Interview: Lea De Gregorio
Sowohl Querdenker_innen als auch politische Aktivist_innen in Belarus sprechen von der Einschränkung ihrer Freiheit. Was geht Ihnen da als Philosoph durch den Kopf?
Die politischen Aktivistinnen und Aktivisten in Belarus haben negative Folgen zu tragen: willkürliche Verhaftung, lange Haftstrafen. Es wird mit einer unglaublichen Brutalität gegen sie vorgegangen. Da stellt sich natürlich ein ganz anderes Problem als bei Querdenker_innen, die in Deutschland demonstrieren. Bezogen auf Deutschland und den Umgang mit der Pandemie ist die Frage, ob und wenn ja in welchem Maße staatliche Maßnahmen zur Einschränkung der Pandemieausbreitung tatsächlich als freiheitseinschränkend betrachtet werden können.
Wie steht es denn um den Freiheitsbegriff bei den Querdenker_innen?

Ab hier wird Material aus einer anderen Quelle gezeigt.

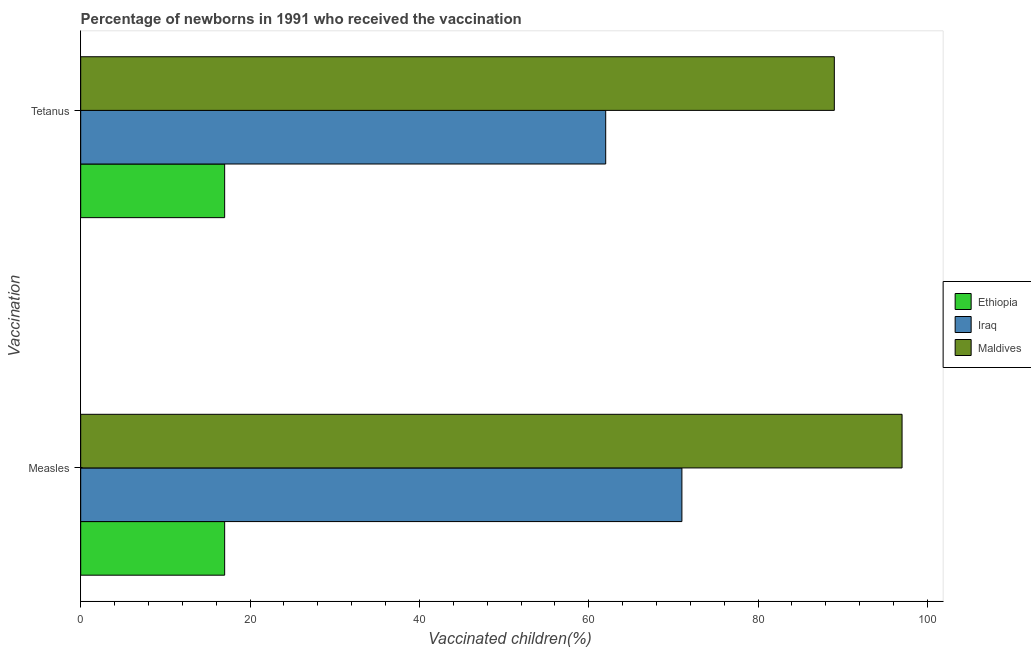How many different coloured bars are there?
Your answer should be very brief. 3. Are the number of bars per tick equal to the number of legend labels?
Your response must be concise. Yes. How many bars are there on the 1st tick from the top?
Provide a succinct answer. 3. What is the label of the 2nd group of bars from the top?
Ensure brevity in your answer.  Measles. What is the percentage of newborns who received vaccination for tetanus in Iraq?
Provide a succinct answer. 62. Across all countries, what is the maximum percentage of newborns who received vaccination for tetanus?
Your response must be concise. 89. Across all countries, what is the minimum percentage of newborns who received vaccination for tetanus?
Provide a short and direct response. 17. In which country was the percentage of newborns who received vaccination for tetanus maximum?
Provide a succinct answer. Maldives. In which country was the percentage of newborns who received vaccination for tetanus minimum?
Your answer should be very brief. Ethiopia. What is the total percentage of newborns who received vaccination for tetanus in the graph?
Your answer should be very brief. 168. What is the difference between the percentage of newborns who received vaccination for measles in Maldives and that in Iraq?
Provide a succinct answer. 26. What is the difference between the percentage of newborns who received vaccination for measles in Maldives and the percentage of newborns who received vaccination for tetanus in Iraq?
Your response must be concise. 35. What is the average percentage of newborns who received vaccination for measles per country?
Keep it short and to the point. 61.67. What is the difference between the percentage of newborns who received vaccination for tetanus and percentage of newborns who received vaccination for measles in Iraq?
Keep it short and to the point. -9. What is the ratio of the percentage of newborns who received vaccination for measles in Ethiopia to that in Iraq?
Make the answer very short. 0.24. What does the 3rd bar from the top in Tetanus represents?
Offer a terse response. Ethiopia. What does the 2nd bar from the bottom in Measles represents?
Provide a succinct answer. Iraq. How many bars are there?
Your response must be concise. 6. Are all the bars in the graph horizontal?
Your answer should be very brief. Yes. What is the difference between two consecutive major ticks on the X-axis?
Offer a terse response. 20. Does the graph contain grids?
Provide a succinct answer. No. How are the legend labels stacked?
Give a very brief answer. Vertical. What is the title of the graph?
Give a very brief answer. Percentage of newborns in 1991 who received the vaccination. Does "Tonga" appear as one of the legend labels in the graph?
Your answer should be very brief. No. What is the label or title of the X-axis?
Provide a succinct answer. Vaccinated children(%)
. What is the label or title of the Y-axis?
Provide a succinct answer. Vaccination. What is the Vaccinated children(%)
 of Maldives in Measles?
Your answer should be compact. 97. What is the Vaccinated children(%)
 in Ethiopia in Tetanus?
Keep it short and to the point. 17. What is the Vaccinated children(%)
 in Iraq in Tetanus?
Provide a short and direct response. 62. What is the Vaccinated children(%)
 of Maldives in Tetanus?
Give a very brief answer. 89. Across all Vaccination, what is the maximum Vaccinated children(%)
 in Ethiopia?
Your answer should be compact. 17. Across all Vaccination, what is the maximum Vaccinated children(%)
 in Maldives?
Make the answer very short. 97. Across all Vaccination, what is the minimum Vaccinated children(%)
 of Maldives?
Offer a terse response. 89. What is the total Vaccinated children(%)
 in Ethiopia in the graph?
Your answer should be very brief. 34. What is the total Vaccinated children(%)
 in Iraq in the graph?
Give a very brief answer. 133. What is the total Vaccinated children(%)
 in Maldives in the graph?
Your answer should be compact. 186. What is the difference between the Vaccinated children(%)
 of Ethiopia in Measles and the Vaccinated children(%)
 of Iraq in Tetanus?
Keep it short and to the point. -45. What is the difference between the Vaccinated children(%)
 of Ethiopia in Measles and the Vaccinated children(%)
 of Maldives in Tetanus?
Offer a terse response. -72. What is the average Vaccinated children(%)
 in Ethiopia per Vaccination?
Offer a terse response. 17. What is the average Vaccinated children(%)
 of Iraq per Vaccination?
Offer a terse response. 66.5. What is the average Vaccinated children(%)
 in Maldives per Vaccination?
Provide a short and direct response. 93. What is the difference between the Vaccinated children(%)
 in Ethiopia and Vaccinated children(%)
 in Iraq in Measles?
Make the answer very short. -54. What is the difference between the Vaccinated children(%)
 of Ethiopia and Vaccinated children(%)
 of Maldives in Measles?
Your answer should be compact. -80. What is the difference between the Vaccinated children(%)
 of Ethiopia and Vaccinated children(%)
 of Iraq in Tetanus?
Keep it short and to the point. -45. What is the difference between the Vaccinated children(%)
 of Ethiopia and Vaccinated children(%)
 of Maldives in Tetanus?
Your answer should be very brief. -72. What is the ratio of the Vaccinated children(%)
 of Ethiopia in Measles to that in Tetanus?
Keep it short and to the point. 1. What is the ratio of the Vaccinated children(%)
 of Iraq in Measles to that in Tetanus?
Ensure brevity in your answer.  1.15. What is the ratio of the Vaccinated children(%)
 of Maldives in Measles to that in Tetanus?
Your answer should be compact. 1.09. What is the difference between the highest and the second highest Vaccinated children(%)
 of Ethiopia?
Offer a terse response. 0. What is the difference between the highest and the second highest Vaccinated children(%)
 of Maldives?
Make the answer very short. 8. 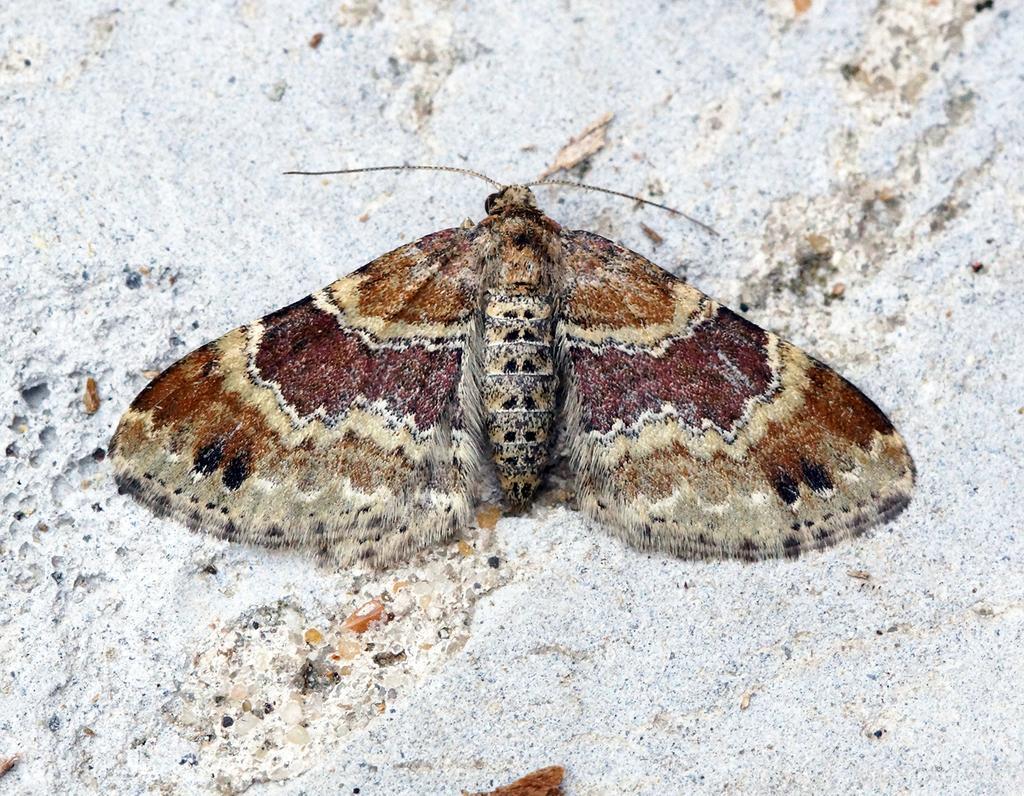Please provide a concise description of this image. In this image, we can see a butterfly on the white colored surface. 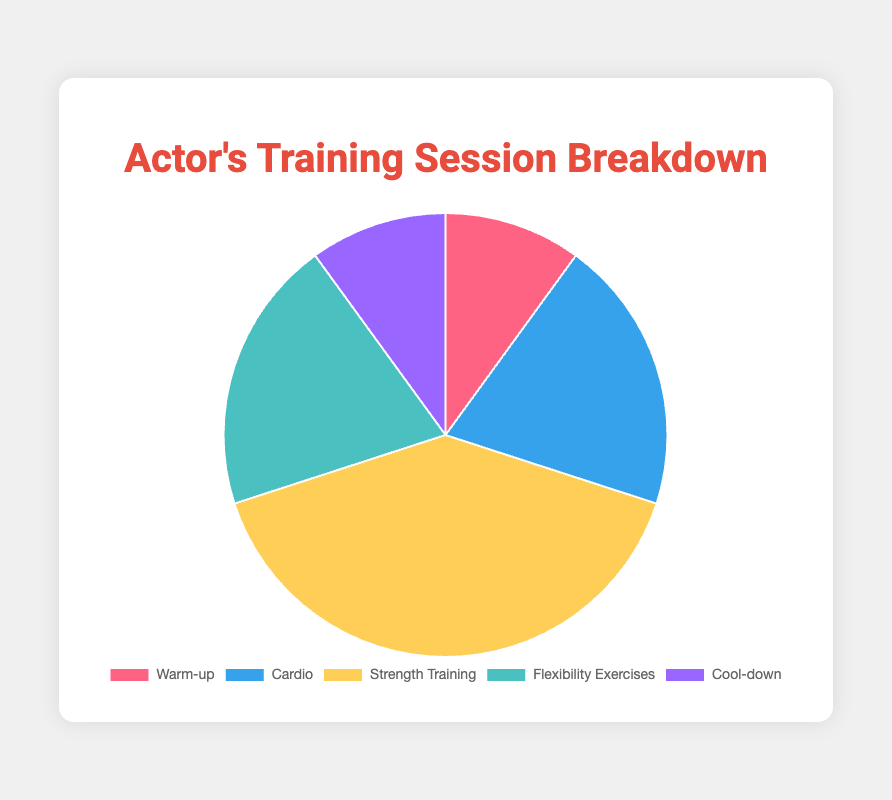Which activity takes up the most time in the training session? The activity with the highest duration percentage, Strength Training, takes up 40% of the time, which is the largest among all activities.
Answer: Strength Training What is the combined time allocation for Cardio and Flexibility Exercises? The duration percentages for Cardio and Flexibility Exercises are 20% and 20%, respectively. Adding these gives us 20% + 20% = 40%.
Answer: 40% How does the time allocated to the Warm-up compare to the Cool-down? Both Warm-up and Cool-down have the same duration percentage of 10%.
Answer: They are equal What percentage of the training session is allocated to activities other than Strength Training? Summing the percentages of Warm-up, Cardio, Flexibility Exercises, and Cool-down: 10% + 20% + 20% + 10% = 60%.
Answer: 60% Which activity accounts for half the time of Strength Training? Since Strength Training is 40%, looking for half of that leads us to 40% / 2 = 20%. Both Cardio and Flexibility Exercises are 20%.
Answer: Cardio and Flexibility Exercises What is the total time allocation for the Warm-up and Cool-down combined? The Warm-up and Cool-down both have percentages of 10%. Adding these gives us 10% + 10% = 20%.
Answer: 20% Between Cardio and Flexibility Exercises, which one takes up more time, or are they the same? Both Cardio and Flexibility Exercises have the same duration percentage of 20%.
Answer: They are equal How much more time is allocated to Strength Training compared to Cool-down? The duration percentage for Strength Training is 40% and for Cool-down is 10%. The difference is 40% - 10% = 30%.
Answer: 30% Visual attribute: Which activity is represented by the lightest color in the pie chart? The Cool-down activity is represented by the lightest purple color in the pie chart.
Answer: Cool-down 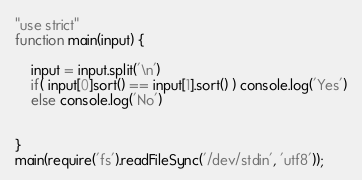<code> <loc_0><loc_0><loc_500><loc_500><_JavaScript_>"use strict"
function main(input) {

	input = input.split('\n')
	if( input[0]sort() == input[1].sort() ) console.log('Yes')
	else console.log('No')


}
main(require('fs').readFileSync('/dev/stdin', 'utf8'));</code> 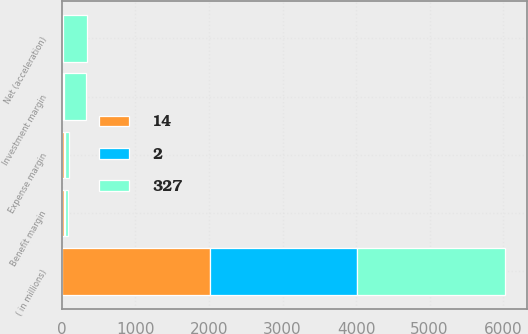<chart> <loc_0><loc_0><loc_500><loc_500><stacked_bar_chart><ecel><fcel>( in millions)<fcel>Investment margin<fcel>Benefit margin<fcel>Expense margin<fcel>Net (acceleration)<nl><fcel>327<fcel>2008<fcel>303<fcel>35<fcel>59<fcel>327<nl><fcel>14<fcel>2007<fcel>11<fcel>34<fcel>31<fcel>14<nl><fcel>2<fcel>2006<fcel>15<fcel>13<fcel>4<fcel>2<nl></chart> 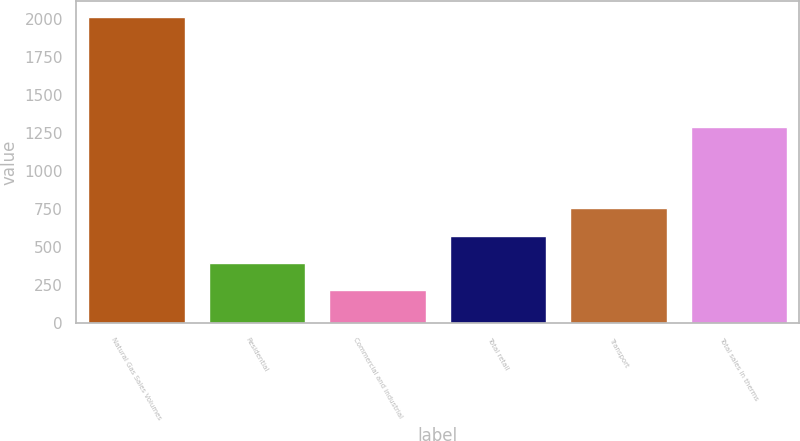<chart> <loc_0><loc_0><loc_500><loc_500><bar_chart><fcel>Natural Gas Sales Volumes<fcel>Residential<fcel>Commercial and industrial<fcel>Total retail<fcel>Transport<fcel>Total sales in therms<nl><fcel>2018<fcel>398.45<fcel>218.5<fcel>578.4<fcel>758.35<fcel>1293.3<nl></chart> 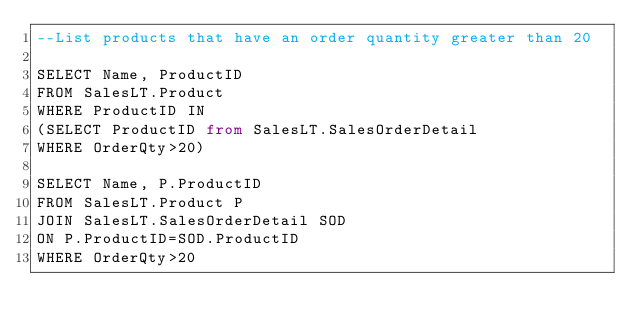Convert code to text. <code><loc_0><loc_0><loc_500><loc_500><_SQL_>--List products that have an order quantity greater than 20

SELECT Name, ProductID
FROM SalesLT.Product
WHERE ProductID IN
(SELECT ProductID from SalesLT.SalesOrderDetail
WHERE OrderQty>20)

SELECT Name, P.ProductID
FROM SalesLT.Product P
JOIN SalesLT.SalesOrderDetail SOD
ON P.ProductID=SOD.ProductID
WHERE OrderQty>20</code> 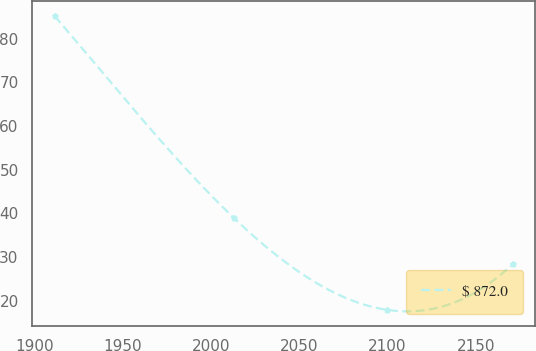<chart> <loc_0><loc_0><loc_500><loc_500><line_chart><ecel><fcel>$ 872.0<nl><fcel>1911.21<fcel>85.12<nl><fcel>2013.09<fcel>38.85<nl><fcel>2099.52<fcel>17.94<nl><fcel>2170.94<fcel>28.36<nl></chart>

Vorab ist natürlich wichtig zu beachten, dass wir es bei Querdenker_innen mit einer rechtsoffenen oder rechtsaffinen Bewegung zu tun haben. Da wird auf der Straße ein Bündnis mit neofaschistischen Rechtsradikalen gesucht. Dass die nicht für eine Gesellschaftsvorstellung stehen, die wir auch nur in irgendeiner Weise als freiheitlich bezeichnen können, dürfte klar sein. Natürlich stellen aber die staatlichen Maßnahmen zu Pandemiebekämpfung Einschränkungen von Handlungsmöglichkeiten dar. Die entscheidende Frage ist aber doch, ob dieser Sachverhalt tatsächlich gleichbedeutend ist mit der Einschränkung von Freiheiten. Und vielleicht sollte man auch darauf schauen, was für Möglichkeiten diese Einschränkungen eröffnen, die ansonsten für viele verschlossen werden würden.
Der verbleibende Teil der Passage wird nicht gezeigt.